- _Problem details_
Where the word "rule" occurs in a line of the data, return the whole line.

[Dataset entries]

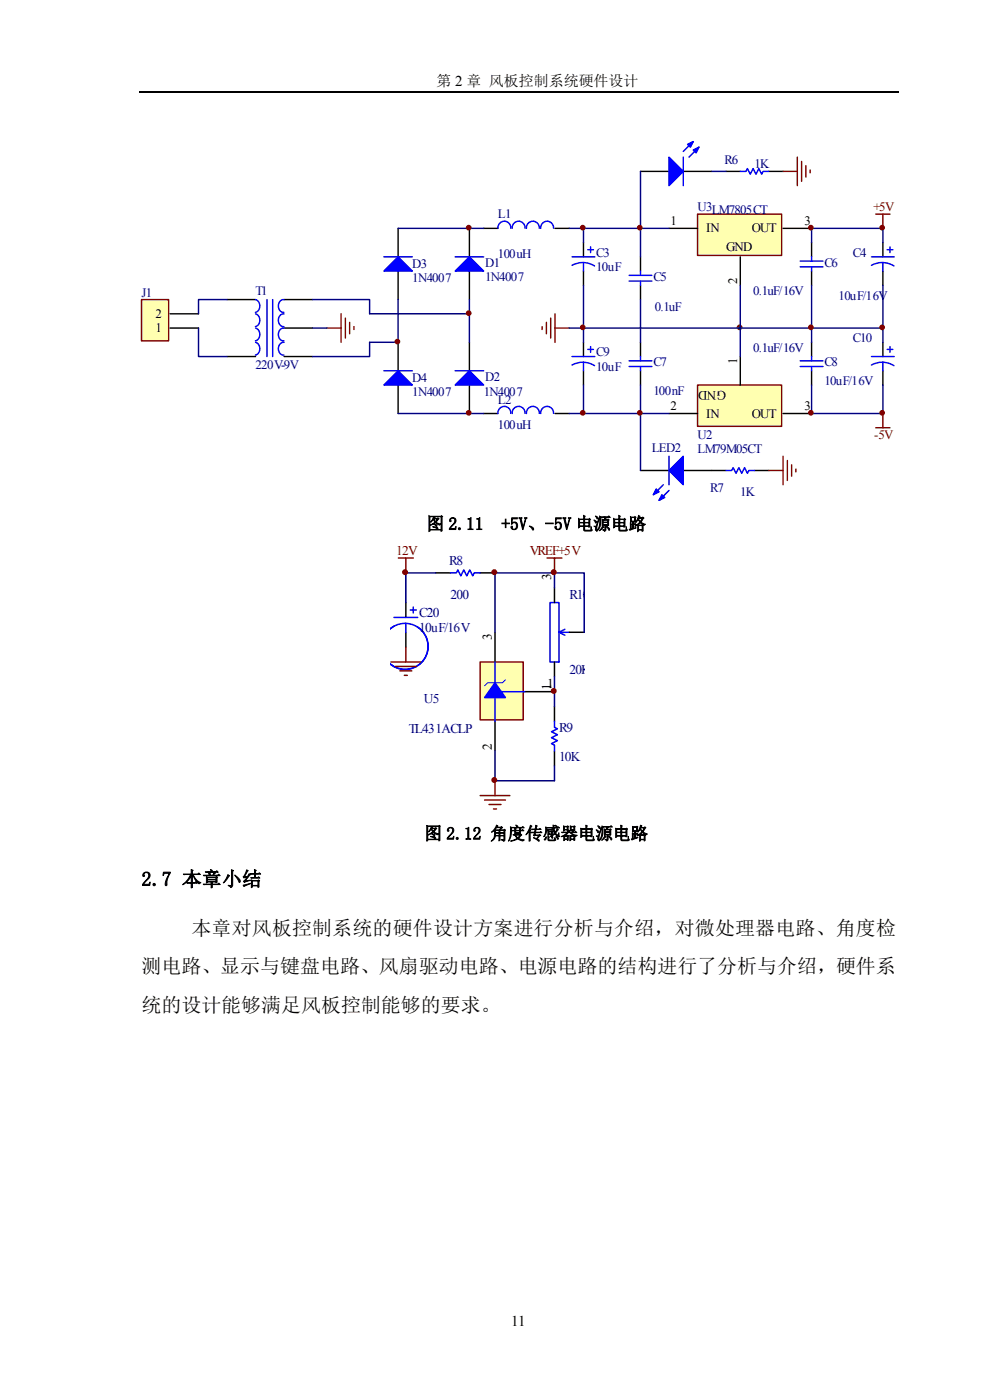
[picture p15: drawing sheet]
<svg xmlns="http://www.w3.org/2000/svg" width="210mm" height="297mm" viewBox="0 0 210 297" stroke-linecap="round" stroke-linejoin="round" font-family="sans-serif">
<defs><g id="words">
<g font-size="4.2">
<text x="30" y="187.9">2.7 本章小结</text>
<text x="40.6" y="198.3">本章对风板控制系统的硬件设计方案进行分析与介绍，对微处理器电路、角度检</text>
<text x="30" y="206.5">测电路、显示与键盘电路、风扇驱动电路、电源电路的结构进行了分析与介绍，硬件系</text>
<text x="30" y="214.8">统的设计能够满足风板控制能够的要求。</text>
</g>
<g font-size="3.7">
<text x="90.5" y="112.4">图 2.11</text>
<text x="106.3" y="112.4">+5V、-5V 电源电路</text>
<text x="90" y="178.1">图 2.12 角度传感器电源电路</text>
</g>
<g font-size="3.2">
<text x="92.6" y="18.2">第 2 章 风板控制系统硬件设计</text>
<text x="108.5" y="281.2">11</text>
</g>
<g font-size="2.8" fill="#800000">
<text x="84" y="117.7">12V</text>
<text x="112.4" y="117.7">VREF+5V</text>
</g>
<g font-size="2.8" fill="#000080">
<text x="95.3" y="119.9">R8</text>
<text x="88.9" y="130.9">C20</text>
<text x="95.5" y="127.2">200</text>
<text x="120.8" y="127.2">R10</text>
<text x="88.9" y="134.1">10uF/16V</text>
<text x="120.8" y="142.9">20K</text>
<text x="89.9" y="149.2">U5</text>
<text x="86.7" y="155.5">TL431ACLP</text>
<text x="118.6" y="155.2">R9</text>
<text x="118.6" y="161.5">10K</text>
</g>
<g font-size="2.8">
<text x="116.9" y="123.1" transform="rotate(-90 116.9 123.1)">3</text>
<text x="104.3" y="135.7" transform="rotate(-90 104.3 135.7)">3</text>
<text x="116" y="146">1</text>
<text x="116.9" y="146.4" transform="rotate(-90 116.9 146.4)">1</text>
<text x="104.3" y="159" transform="rotate(-90 104.3 159)">2</text>
</g>
<g font-size="2.7" fill="#000080">
<text x="153.7" y="34.8">R6</text>
<text x="160.1" y="35.7">1K</text>
<text x="105.6" y="46.3">L1</text>
<text x="148" y="44.8">U3LM7805CT</text>
<text x="87.5" y="56.9">D3</text>
<text x="87.5" y="59.9">1N4007</text>
<text x="102.9" y="56.6">D1</text>
<text x="102.9" y="59.6">1N4007</text>
<text x="105.6" y="54.8">100uH</text>
<text x="126.5" y="54.4">C3</text>
<text x="126.5" y="57.5">10uF</text>
<text x="138.6" y="59.6">C5</text>
<text x="174.9" y="56.6">C6</text>
<text x="180.9" y="54.4">C4</text>
<text x="30" y="62.9">J1</text>
<text x="54.2" y="62.6">T1</text>
<text x="138.9" y="66">0.1uF</text>
<text x="159.8" y="62.6">0.1uF/16V</text>
<text x="177.9" y="63.5">10uF/16V</text>
<text x="126.5" y="75.6">C9</text>
<text x="138.6" y="77.7">C7</text>
<text x="159.8" y="74.7">0.1uF/16V</text>
<text x="174.9" y="77.7">C8</text>
<text x="180.9" y="72.6">C10</text>
<text x="54.2" y="78.3">220V-9V</text>
<text x="87.5" y="81.1">D4</text>
<text x="102.9" y="80.7">D2</text>
<text x="126.5" y="78.6">10uF</text>
<text x="138.6" y="83.8">100nF</text>
<text x="174.9" y="81.7">10uF/16V</text>
<text x="87.5" y="84.1">1N4007</text>
<text x="102.6" y="84.1">1N4007</text>
<text x="105.6" y="85.6">L2</text>
<text x="105.6" y="91">100uH</text>
<text x="138.3" y="95.8">LED2</text>
<text x="148" y="93.1">U2</text>
<text x="148" y="96.1">LM79M05CT</text>
<text x="150.7" y="104.3">R7</text>
<text x="157" y="105.2">1K</text>
</g>
<g font-size="2.7">
<text x="142.2" y="47.8">1</text>
<text x="170.6" y="47.8">3</text>
<text x="149.8" y="49.3">IN</text>
<text x="154" y="53.3">GND</text>
<text x="159.5" y="49.3">OUT</text>
<text x="156.4" y="60.2" transform="rotate(-90 156.4 60.2)">2</text>
<text x="33" y="70.5">1</text>
<text x="33" y="67.4">2</text>
<text x="156.4" y="77.1" transform="rotate(-90 156.4 77.1)">1</text>
<text x="154" y="82.9" transform="rotate(-180 154 82.9)">GND</text>
<text x="142.2" y="87.1">2</text>
<text x="149.8" y="88.6">IN</text>
<text x="159.5" y="88.6">OUT</text>
<text x="170.6" y="87.1">3</text>
</g>
<g font-size="2.7" fill="#800000">
<text x="185.3" y="44.8">+5V</text>
<text x="185.5" y="93.1">-5V</text>
</g>
</g></defs>
<path d="M29.5 19.6h161" fill="none" stroke="#000" stroke-width=".25"/>
<g fill="none" stroke="#000" stroke-width=".3">
<path d="M135.9 36.4h6M144.9 36.4h6.1M154 36.4h3M163.1 36.4h3M84.4 48.4v6.1M84.4 57.5v6.1M99.6 48.4v6.1M99.6 57.5v6.1M135.9 54.5v3M172.2 51.5v3M172.2 57.5v3M84.4 72.6v6.1"/>
<path d="M99.6 72.6v6.1M135.9 60.5v3.1M135.9 72.6v3M135.9 78.7v3M172.2 72.6v3M172.2 78.7v3M84.4 81.7v6M99.6 81.7v6M135.9 99.8h6M144.9 99.8h9.1M160.1 99.8h3"/>
</g>
<g fill="none" stroke="#00f" stroke-width=".3">
<path d="M144.9 33.3v6.1M147.1 30l-2.2 2.1M148.3 31.2l-2.2 2.1M157 36.4h1.2l.3-.6 .6 1.2 .7-1.2 .6 1.2 .6-1.2 .6 1.2 .3-.6h1.2M81.4 54.5h6.1M96.5 54.5h6.1M133.4 58.4h4.9M133.4 59.6h4.9M135.9 57.5v.9M135.9 59.6v.9M169.7 55.4h4.9M169.7 56.6h4.9"/>
<path d="M172.2 54.5v.9M172.2 56.6v.9M81.4 78.7h6.1M96.5 78.7h6.1M133.4 76.5h4.9M133.4 77.8h4.9M135.9 75.6v.9M135.9 77.8v.9M169.7 76.5h4.9M169.7 77.8h4.9M172.2 75.6v.9M172.2 77.8v.9"/>
<path d="M141.9 96.8v6M154 99.8h1.2l.3-.6 .6 1.2 .6-1.2 .6 1.2 .6-1.2 .6 1.2 .3-.6h1.3M140.7 102.8l-2.1 2.1M141.9 104l-2.1 2.2"/>
</g>
<g fill="#00f" stroke="#00f" stroke-width=".3">
<path d="M81.4 57.5l3-3 3.1 3z"/>
<path d="M81.4 81.7l3-3 3.1 3z"/>
<path d="M96.5 57.5l3.1-3 3 3z"/>
<path d="M96.5 81.7l3.1-3 3 3z"/>
<path d="M141.9 33.3l3 3.1-3 3z"/>
<path d="M147.1 31.8l1.2-.6-.6 1.2z"/>
<path d="M145.8 30.6l1.3-.6-.7 1.2z"/>
<path d="M141.9 99.8l3-3v6z"/>
<path d="M139.2 103.7l.6 .6-1.2 .6z"/>
<path d="M140.4 104.9l.6 .7-1.2 .6z"/>
</g>
<path d="M166.1 36.4h3M169.1 33.3v6.1M170 34.2v4.3M170.9 35.1v2.5M171.8 36.1v.6M163.1 99.8h3M166.1 96.8v6M167 97.7v4.2M167.9 98.6v2.4M168.8 99.5v.6" fill="none" stroke="#800000" stroke-width=".3"/>
<path d="M148 45.4h17.8v8.8h-17.8z" fill-rule="evenodd" fill="#ffffb0" stroke="#800000" stroke-width=".3"/>
<path d="M141.9 48.4h6.1M157 54.5v6M166.1 48.4h6.1" fill="none" stroke="#000" stroke-width=".3"/>
<path d="M148 81.7h17.8v8.7h-17.8z" fill-rule="evenodd" fill="#ffffb0" stroke="#800000" stroke-width=".3"/>
<g fill="none" stroke="#000" stroke-width=".3">
<path d="M102.6 48.4h3M117.7 48.4h3M123.8 51.5v3M123.8 57.5v3M187.3 51.5v3M187.3 57.5v3M48.2 63.6h6M48.2 75.6h6M60.3 63.6h6M60.3 75.6h6M60.3 69.6h6M123.8 72.6v3"/>
<path d="M123.8 78.7v3M157 75.6v6.1M187.3 72.6v3M187.3 78.7v3M102.6 87.7h3M117.7 87.7h3M141.9 87.7h6.1M166.1 87.7h6.1"/>
</g>
<g fill="none" stroke="#00f" stroke-width=".3">
<path d="M108.3 48.4a1.36 1.36 0 0 0-1.3-1.5 1.36 1.36 0 0 0-1.4 1.5M111.4 48.4a1.36 1.36 0 0 0-1.4-1.5 1.36 1.36 0 0 0-1.3 1.5M114.4 48.4a1.36 1.36 0 0 0-1.4-1.5 1.36 1.36 0 0 0-1.3 1.5M117.4 48.4a1.36 1.36 0 0 0-1.4-1.5 1.36 1.36 0 0 0-1.3 1.5M121.3 54.5h4.9M123.8 55.7l1 .1 1.3 .6M123.8 55.7l-1.1 .1-1.4 .5M123.8 55.7v1.8M124.7 53h1.2M125.3 52.4v1.2M184.9 54.5h4.8M187.3 55.7l1 .1 1.3 .6"/>
<path d="M187.3 55.7l-1.1 .1-1.4 .5M187.3 55.7v1.8M188.2 53h1.2M188.8 52.4v1.2M54.2 63.6a1.45 1.45 0 0 1 .9 1.3 1.45 1.45 0 0 1-.9 1.4M54.2 66.6a1.45 1.45 0 0 1 .9 1.3 1.45 1.45 0 0 1-.9 1.4M54.2 69.6a1.45 1.45 0 0 1 .9 1.4 1.45 1.45 0 0 1-.9 1.3M54.2 72.6a1.45 1.45 0 0 1 .9 1.4 1.45 1.45 0 0 1-.9 1.3M56.6 63.6v12M57.8 63.6v12M60.3 63.6a1.36 1.36 0 0 0-1.3 1.3 1.36 1.36 0 0 0 1.2 1.4M60.3 66.6a1.36 1.36 0 0 0-1.3 1.3 1.36 1.36 0 0 0 1.2 1.4"/>
<path d="M60.3 69.6a1.36 1.36 0 0 0-1.3 1.3 1.36 1.36 0 0 0 1.2 1.4M60.3 72.6a1.36 1.36 0 0 0-1.3 1.4 1.36 1.36 0 0 0 1.2 1.3M121.3 75.6h4.9M123.8 76.9l1 .1 1.3 .6M123.8 76.9h-1.1l-1.4 .5M123.8 76.8v1.9M124.7 74.1h1.2M125.3 73.5v1.2M184.9 75.6h4.8M187.3 76.9l1 .1 1.3 .6M187.3 76.9h-1.1l-1.4 .5M187.3 76.8v1.9"/>
<path d="M188.2 74.1h1.2M188.8 73.5v1.2M108.3 87.7a1.36 1.36 0 0 0-1.3-1.5 1.36 1.36 0 0 0-1.4 1.5M111.4 87.7a1.36 1.36 0 0 0-1.4-1.5 1.36 1.36 0 0 0-1.3 1.5M114.4 87.7a1.36 1.36 0 0 0-1.4-1.5 1.36 1.36 0 0 0-1.3 1.5M117.4 87.7a1.36 1.36 0 0 0-1.4-1.5 1.36 1.36 0 0 0-1.3 1.5"/>
</g>
<circle cx="156.9" cy="69.4" r=".45" fill="#800000" stroke="#800000" stroke-width=".3"/>
<g fill="none" stroke="#000080" stroke-width=".3">
<path d="M135.9 36.4v18.1M151 36.4h3M84.4 48.4h18.2M120.7 48.4h21.2M123.8 48.4v3.1M66.3 63.6h12.1v3h21.2M66.3 69.6h3M84.4 63.6v9h-6v3h-12.1M99.6 63.6v9M120.7 69.6h36.3M123.8 60.5v12.1M135.9 63.6v9"/>
<path d="M157 60.5v15.1M84.4 87.7h18.2M120.7 87.7h21.2M123.8 81.7v6M135.9 81.7v18.1"/>
</g>
<path d="M69.3 69.6h3.1M72.4 66.6v6M73.3 67.5v4.2M74.2 68.4v2.4M75.1 69.3v.6M115 69.3v.6M115.9 68.4v2.4M116.8 67.5v4.2M117.7 66.6v6M117.7 69.6h3" fill="none" stroke="#800000" stroke-width=".3"/>
<path d="M30 63.6h5.8v8.7h-5.8z" fill-rule="evenodd" fill="#ffffb0" stroke="#800000" stroke-width=".3"/>
<path d="M36.1 69.6h6M36.1 66.6h6" fill="none" stroke="#000" stroke-width=".3"/>
<path d="M172.2 51.5v-3.1h15.1v3.1M42.1 69.6v6h6.1M48.2 63.6h-6.1v3M157 69.6h30.3M172.2 60.5v12.1M187.3 60.5v12.1M172.2 81.7v6h15.1v-6" fill="none" stroke="#000080" stroke-width=".3"/>
<path d="M185.8 45.4h3M187.3 45.4v3M185.8 90.7h3M187.3 87.7v3" fill="none" stroke="#800000" stroke-width=".3"/>
<g fill="#800000" stroke="#800000" stroke-width=".3">
<circle cx="84.3" cy="72.5" r=".45"/>
<circle cx="99.4" cy="48.3" r=".45"/>
<circle cx="99.4" cy="87.6" r=".45"/>
<circle cx="135.7" cy="48.3" r=".45"/>
<circle cx="123.6" cy="48.3" r=".45"/>
<circle cx="135.7" cy="87.6" r=".45"/>
<circle cx="123.6" cy="87.6" r=".45"/>
<circle cx="99.4" cy="66.4" r=".45"/>
<circle cx="123.6" cy="69.4" r=".45"/>
<circle cx="187.1" cy="87.6" r=".45"/>
<circle cx="172" cy="87.6" r=".45"/>
<circle cx="172" cy="69.4" r=".45"/>
<circle cx="187.1" cy="69.4" r=".45"/>
<circle cx="172" cy="48.3" r=".45"/>
<circle cx="187.1" cy="48.3" r=".45"/>
</g>
<path d="M92.4 121.5h3.1M101.8 121.5h3.2M105 134.1v6.3M105 153v6.3M111.3 146.7h6.3M117.6 149.9v3.1M117.6 159.3v3.2" fill="none" stroke="#000" stroke-width=".32"/>
<path d="M95.5 121.5h1.3l.3-.6 .7 1.3 .6-1.3 .6 1.3 .6-1.3 .7 1.3 .3-.7h1.2M117.6 153v1.3l.6 .3-1.2 .6 1.2 .7-1.2 .6 1.2 .6-1.2 .7 .6 .3v1.2" fill="none" stroke="#00f" stroke-width=".32"/>
<path d="M101.8 140.4h9.2v12.3h-9.2z" fill-rule="evenodd" fill="#ffffb0" stroke="#800000" stroke-width=".32"/>
<path d="M83.6 131h5M86.1 132.2a4.9 4.9 0 0 1 4.4 6.6 4.9 4.9 0 0 1-7.6 2.1 4.9 4.9 0 0 0 7-.9 4.9 4.9 0 0 0-1.4-7M86.1 132.2h-.1a4.8 4.8 0 0 0-3.1 1.1l.7-.4M86.1 132.2v1.9M87 129.4h1.3M87.7 128.8v1.2M116.7 127.8h1.9v12.6h-1.9zM118.6 134.1h2.2M118.6 134.1l1.2 .7M119.8 133.5l-1.2 .6M105 140.4v12.6M106.3 146.7h5" fill="none" stroke="#00f" stroke-width=".32"/>
<path d="M107.2 144.2l-.6 .6h-3.2l-.6 .7" fill="none" stroke="#00f" stroke-width=".21"/>
<path d="M105 144.8l2.2 3.2h-4.4z" fill="#00f" stroke="#00f" stroke-width=".32"/>
<g fill="none" stroke="#800000" stroke-width=".32">
<path d="M84.5 118.4h3.2M86.1 118.4v3.1M116 118.4h3.2M117.6 118.4v3.1M86.1 137.3v3.1M82.9 140.4h6.3M83.9 141.4h4.4M84.8 142.3h2.5M85.8 143.3h.6M101.8 168.8h6.4M102.8 169.7h4.4M103.7 170.7h2.6"/>
<path d="M104.7 171.6h.6M105 165.6v3.2"/>
</g>
<path d="M86.1 127.8v3.2M86.1 134.1v3.2M117.6 124.7v3.1M120.8 134.1h3.1M117.6 140.4v3.2" fill="none" stroke="#000" stroke-width=".32"/>
<path d="M92.4 121.5h-6.3v6.3M117.6 121.5h6.3v12.6M117.6 121.5v3.2M117.6 121.5h-12.6v12.6M105 159.3v6.3h12.6v-3.1M117.6 143.6v6.3" fill="none" stroke="#000080" stroke-width=".32"/>
<g fill="#800000" stroke="#800000" stroke-width=".32">
<circle cx="104.8" cy="121.4" r=".47"/>
<circle cx="117.5" cy="146.6" r=".47"/>
<circle cx="104.8" cy="165.5" r=".47"/>
<circle cx="85.9" cy="121.4" r=".47"/>
<circle cx="117.5" cy="121.4" r=".47"/>
</g>
<use href="#words"/>
</svg>

- _Your response_
<path d="M148 45.4h17.8v8.8h-17.8z" fill-rule="evenodd" fill="#ffffb0" stroke="#800000" stroke-width=".3"/>
<path d="M148 81.7h17.8v8.7h-17.8z" fill-rule="evenodd" fill="#ffffb0" stroke="#800000" stroke-width=".3"/>
<path d="M30 63.6h5.8v8.7h-5.8z" fill-rule="evenodd" fill="#ffffb0" stroke="#800000" stroke-width=".3"/>
<path d="M101.8 140.4h9.2v12.3h-9.2z" fill-rule="evenodd" fill="#ffffb0" stroke="#800000" stroke-width=".32"/>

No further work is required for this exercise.